Task prompt. Scan the lines below; pull out those with "smallest".

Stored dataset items

:::::

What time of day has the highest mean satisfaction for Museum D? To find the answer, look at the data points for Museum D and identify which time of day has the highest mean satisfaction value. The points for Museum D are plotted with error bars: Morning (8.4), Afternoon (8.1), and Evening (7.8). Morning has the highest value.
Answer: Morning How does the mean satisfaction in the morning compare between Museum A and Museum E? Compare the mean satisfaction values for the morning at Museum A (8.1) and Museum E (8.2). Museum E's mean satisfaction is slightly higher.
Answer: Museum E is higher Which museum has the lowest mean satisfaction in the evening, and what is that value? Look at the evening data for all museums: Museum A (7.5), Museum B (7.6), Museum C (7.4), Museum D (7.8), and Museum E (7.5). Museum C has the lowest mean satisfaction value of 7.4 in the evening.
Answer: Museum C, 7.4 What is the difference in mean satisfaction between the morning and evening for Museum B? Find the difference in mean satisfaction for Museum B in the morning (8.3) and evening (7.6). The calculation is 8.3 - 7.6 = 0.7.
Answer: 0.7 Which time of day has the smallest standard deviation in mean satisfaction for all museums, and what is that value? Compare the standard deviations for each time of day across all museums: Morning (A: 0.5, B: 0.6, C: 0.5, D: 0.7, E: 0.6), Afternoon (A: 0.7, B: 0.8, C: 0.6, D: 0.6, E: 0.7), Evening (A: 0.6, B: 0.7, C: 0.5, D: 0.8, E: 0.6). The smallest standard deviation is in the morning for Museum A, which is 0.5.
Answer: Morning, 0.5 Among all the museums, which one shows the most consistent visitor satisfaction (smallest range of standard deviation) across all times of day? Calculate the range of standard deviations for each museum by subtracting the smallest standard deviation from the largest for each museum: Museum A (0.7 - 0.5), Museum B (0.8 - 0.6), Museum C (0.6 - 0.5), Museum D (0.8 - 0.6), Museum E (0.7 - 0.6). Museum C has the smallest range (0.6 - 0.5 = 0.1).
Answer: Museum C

:::::

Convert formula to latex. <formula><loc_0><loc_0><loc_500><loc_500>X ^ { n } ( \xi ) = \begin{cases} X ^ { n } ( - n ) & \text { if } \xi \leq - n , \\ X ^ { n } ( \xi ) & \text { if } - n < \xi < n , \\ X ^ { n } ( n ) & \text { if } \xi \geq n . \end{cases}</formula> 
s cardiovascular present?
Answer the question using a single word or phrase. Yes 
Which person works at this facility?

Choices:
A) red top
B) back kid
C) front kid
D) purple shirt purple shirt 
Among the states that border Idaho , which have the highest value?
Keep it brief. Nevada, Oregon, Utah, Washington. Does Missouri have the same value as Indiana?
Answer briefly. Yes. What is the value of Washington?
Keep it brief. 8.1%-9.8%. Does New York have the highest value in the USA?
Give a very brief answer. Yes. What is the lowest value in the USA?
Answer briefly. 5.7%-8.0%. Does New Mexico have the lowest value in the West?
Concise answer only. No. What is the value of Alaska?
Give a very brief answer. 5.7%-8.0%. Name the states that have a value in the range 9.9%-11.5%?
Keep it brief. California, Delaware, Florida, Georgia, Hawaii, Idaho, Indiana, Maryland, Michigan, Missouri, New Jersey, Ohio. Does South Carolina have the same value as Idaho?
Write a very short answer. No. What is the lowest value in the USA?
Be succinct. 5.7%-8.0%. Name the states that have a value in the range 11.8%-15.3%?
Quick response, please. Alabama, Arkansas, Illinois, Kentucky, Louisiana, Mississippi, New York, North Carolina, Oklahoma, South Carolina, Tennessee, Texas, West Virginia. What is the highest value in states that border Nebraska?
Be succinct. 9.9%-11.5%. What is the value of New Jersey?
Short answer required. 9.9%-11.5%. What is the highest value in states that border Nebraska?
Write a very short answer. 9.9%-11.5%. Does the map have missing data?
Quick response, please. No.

:::::

Expected output.
Answer: 0.7 Which time of day has the smallest standard deviation in mean satisfaction for all museums, and what is that value? Compare the standard deviations for each time of day across all museums: Morning (A: 0.5, B: 0.6, C: 0.5, D: 0.7, E: 0.6), Afternoon (A: 0.7, B: 0.8, C: 0.6, D: 0.6, E: 0.7), Evening (A: 0.6, B: 0.7, C: 0.5, D: 0.8, E: 0.6). The smallest standard deviation is in the morning for Museum A, which is 0.5.
Answer: Morning, 0.5 Among all the museums, which one shows the most consistent visitor satisfaction (smallest range of standard deviation) across all times of day? Calculate the range of standard deviations for each museum by subtracting the smallest standard deviation from the largest for each museum: Museum A (0.7 - 0.5), Museum B (0.8 - 0.6), Museum C (0.6 - 0.5), Museum D (0.8 - 0.6), Museum E (0.7 - 0.6). Museum C has the smallest range (0.6 - 0.5 = 0.1).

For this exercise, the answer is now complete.